AIM OF THE TASK:
Reproduce the lines below from the one that contains "- cup (488,461,620,479)" through the end, inclusive, and add nothing.

── DATA FOR REVIEW

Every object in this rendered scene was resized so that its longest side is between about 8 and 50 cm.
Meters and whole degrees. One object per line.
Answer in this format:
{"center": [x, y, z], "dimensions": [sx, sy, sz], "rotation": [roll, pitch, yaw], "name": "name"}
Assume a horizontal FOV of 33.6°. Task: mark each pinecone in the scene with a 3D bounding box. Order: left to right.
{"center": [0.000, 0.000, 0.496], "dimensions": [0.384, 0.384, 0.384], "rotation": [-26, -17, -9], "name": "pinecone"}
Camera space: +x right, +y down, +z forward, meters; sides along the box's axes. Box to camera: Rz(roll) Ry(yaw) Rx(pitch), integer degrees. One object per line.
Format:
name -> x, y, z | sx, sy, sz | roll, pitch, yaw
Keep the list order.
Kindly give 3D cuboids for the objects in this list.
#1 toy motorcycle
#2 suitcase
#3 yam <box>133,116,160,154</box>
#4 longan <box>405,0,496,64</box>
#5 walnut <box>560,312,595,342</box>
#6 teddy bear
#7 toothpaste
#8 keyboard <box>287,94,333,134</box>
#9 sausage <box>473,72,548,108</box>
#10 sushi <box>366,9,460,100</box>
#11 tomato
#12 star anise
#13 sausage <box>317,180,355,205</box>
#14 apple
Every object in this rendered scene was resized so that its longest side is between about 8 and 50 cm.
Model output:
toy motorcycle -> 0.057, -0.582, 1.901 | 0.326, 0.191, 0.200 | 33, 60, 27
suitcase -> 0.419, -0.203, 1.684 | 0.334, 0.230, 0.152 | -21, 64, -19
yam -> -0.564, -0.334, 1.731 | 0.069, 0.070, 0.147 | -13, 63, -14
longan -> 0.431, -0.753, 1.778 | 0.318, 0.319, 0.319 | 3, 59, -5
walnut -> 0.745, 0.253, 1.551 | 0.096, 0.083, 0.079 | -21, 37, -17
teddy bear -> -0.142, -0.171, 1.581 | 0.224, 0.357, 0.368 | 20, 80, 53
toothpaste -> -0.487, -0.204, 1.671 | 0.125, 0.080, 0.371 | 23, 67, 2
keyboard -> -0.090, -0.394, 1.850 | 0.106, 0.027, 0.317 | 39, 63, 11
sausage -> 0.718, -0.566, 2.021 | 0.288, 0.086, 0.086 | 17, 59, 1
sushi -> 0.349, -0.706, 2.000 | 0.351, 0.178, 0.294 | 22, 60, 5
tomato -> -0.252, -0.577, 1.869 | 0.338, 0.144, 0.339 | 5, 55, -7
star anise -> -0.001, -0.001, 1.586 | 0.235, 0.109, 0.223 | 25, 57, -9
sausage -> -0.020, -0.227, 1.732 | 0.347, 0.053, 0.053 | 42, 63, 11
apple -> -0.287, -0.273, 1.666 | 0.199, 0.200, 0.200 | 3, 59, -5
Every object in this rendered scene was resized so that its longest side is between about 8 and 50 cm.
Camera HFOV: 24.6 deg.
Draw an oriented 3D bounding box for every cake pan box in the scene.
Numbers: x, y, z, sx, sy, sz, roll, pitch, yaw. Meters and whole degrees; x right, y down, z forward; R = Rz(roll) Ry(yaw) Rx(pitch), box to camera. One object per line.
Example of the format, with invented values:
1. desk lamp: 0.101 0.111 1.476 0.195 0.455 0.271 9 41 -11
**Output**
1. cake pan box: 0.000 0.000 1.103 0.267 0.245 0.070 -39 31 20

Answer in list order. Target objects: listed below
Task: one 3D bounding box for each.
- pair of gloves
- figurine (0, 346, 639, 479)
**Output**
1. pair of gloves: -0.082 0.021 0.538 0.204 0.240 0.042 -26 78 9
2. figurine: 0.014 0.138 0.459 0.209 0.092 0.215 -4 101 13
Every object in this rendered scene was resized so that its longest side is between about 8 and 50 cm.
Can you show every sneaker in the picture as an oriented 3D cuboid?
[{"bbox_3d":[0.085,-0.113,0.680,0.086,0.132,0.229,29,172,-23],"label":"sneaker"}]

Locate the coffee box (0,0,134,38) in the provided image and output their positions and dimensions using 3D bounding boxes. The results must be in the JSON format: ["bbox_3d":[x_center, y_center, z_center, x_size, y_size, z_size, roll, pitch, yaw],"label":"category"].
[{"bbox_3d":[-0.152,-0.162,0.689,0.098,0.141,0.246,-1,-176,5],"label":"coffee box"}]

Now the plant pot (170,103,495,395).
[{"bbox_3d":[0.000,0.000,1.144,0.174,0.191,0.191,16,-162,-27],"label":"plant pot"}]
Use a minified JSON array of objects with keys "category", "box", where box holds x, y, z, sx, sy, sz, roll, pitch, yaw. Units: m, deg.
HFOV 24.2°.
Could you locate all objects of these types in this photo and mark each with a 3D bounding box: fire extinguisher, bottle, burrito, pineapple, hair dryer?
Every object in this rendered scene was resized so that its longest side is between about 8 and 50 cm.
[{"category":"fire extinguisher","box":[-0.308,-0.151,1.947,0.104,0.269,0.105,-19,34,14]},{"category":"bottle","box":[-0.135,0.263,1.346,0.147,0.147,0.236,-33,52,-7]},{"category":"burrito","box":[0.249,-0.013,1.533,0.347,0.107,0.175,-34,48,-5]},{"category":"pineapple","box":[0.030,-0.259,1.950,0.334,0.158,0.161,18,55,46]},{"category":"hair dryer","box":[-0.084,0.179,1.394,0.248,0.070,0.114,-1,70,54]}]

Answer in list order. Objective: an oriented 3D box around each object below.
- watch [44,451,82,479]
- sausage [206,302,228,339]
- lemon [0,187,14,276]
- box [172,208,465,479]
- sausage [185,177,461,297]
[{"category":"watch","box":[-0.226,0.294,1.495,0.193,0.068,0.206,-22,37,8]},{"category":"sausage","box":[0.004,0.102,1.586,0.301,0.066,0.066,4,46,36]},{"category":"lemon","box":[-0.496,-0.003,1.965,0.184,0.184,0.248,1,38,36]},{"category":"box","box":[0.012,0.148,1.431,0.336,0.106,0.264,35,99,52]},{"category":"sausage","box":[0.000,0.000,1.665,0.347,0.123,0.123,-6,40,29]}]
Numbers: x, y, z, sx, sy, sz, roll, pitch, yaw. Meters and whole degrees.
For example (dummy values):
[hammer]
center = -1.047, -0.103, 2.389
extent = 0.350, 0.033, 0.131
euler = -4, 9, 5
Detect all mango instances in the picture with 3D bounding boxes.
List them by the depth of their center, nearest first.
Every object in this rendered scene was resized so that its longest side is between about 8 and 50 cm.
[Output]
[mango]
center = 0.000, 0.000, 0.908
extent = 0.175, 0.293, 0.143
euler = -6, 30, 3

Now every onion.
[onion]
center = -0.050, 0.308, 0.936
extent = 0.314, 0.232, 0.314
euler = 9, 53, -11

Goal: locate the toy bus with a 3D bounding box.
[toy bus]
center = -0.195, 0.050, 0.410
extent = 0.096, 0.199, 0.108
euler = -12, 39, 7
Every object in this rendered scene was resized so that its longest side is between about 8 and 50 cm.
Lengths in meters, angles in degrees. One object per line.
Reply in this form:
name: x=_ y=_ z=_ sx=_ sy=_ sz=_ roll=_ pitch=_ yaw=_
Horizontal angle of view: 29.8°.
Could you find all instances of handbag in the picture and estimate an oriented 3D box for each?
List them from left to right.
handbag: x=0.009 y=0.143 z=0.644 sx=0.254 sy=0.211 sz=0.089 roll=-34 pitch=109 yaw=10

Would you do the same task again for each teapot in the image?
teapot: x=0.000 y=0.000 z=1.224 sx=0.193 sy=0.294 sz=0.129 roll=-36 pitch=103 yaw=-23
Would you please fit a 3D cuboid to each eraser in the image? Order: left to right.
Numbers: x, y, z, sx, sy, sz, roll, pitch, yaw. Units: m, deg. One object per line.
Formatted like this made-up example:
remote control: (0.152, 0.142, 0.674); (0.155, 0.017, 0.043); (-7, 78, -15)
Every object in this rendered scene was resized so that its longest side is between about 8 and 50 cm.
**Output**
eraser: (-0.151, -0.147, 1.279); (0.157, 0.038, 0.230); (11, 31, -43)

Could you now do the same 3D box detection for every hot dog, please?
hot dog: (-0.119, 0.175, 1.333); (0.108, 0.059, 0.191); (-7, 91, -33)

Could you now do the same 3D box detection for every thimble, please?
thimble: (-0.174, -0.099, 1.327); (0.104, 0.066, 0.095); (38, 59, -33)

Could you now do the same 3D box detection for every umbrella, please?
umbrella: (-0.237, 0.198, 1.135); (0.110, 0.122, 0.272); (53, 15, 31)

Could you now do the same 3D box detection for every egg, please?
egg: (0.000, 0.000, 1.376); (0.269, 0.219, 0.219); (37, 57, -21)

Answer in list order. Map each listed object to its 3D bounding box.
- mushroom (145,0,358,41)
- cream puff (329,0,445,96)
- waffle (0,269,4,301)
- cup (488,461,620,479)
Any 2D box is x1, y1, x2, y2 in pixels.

────

TASK RESPONSE:
- cup (488,461,620,479)
Any 2D box is x1, y1, x2, y2 in pixels.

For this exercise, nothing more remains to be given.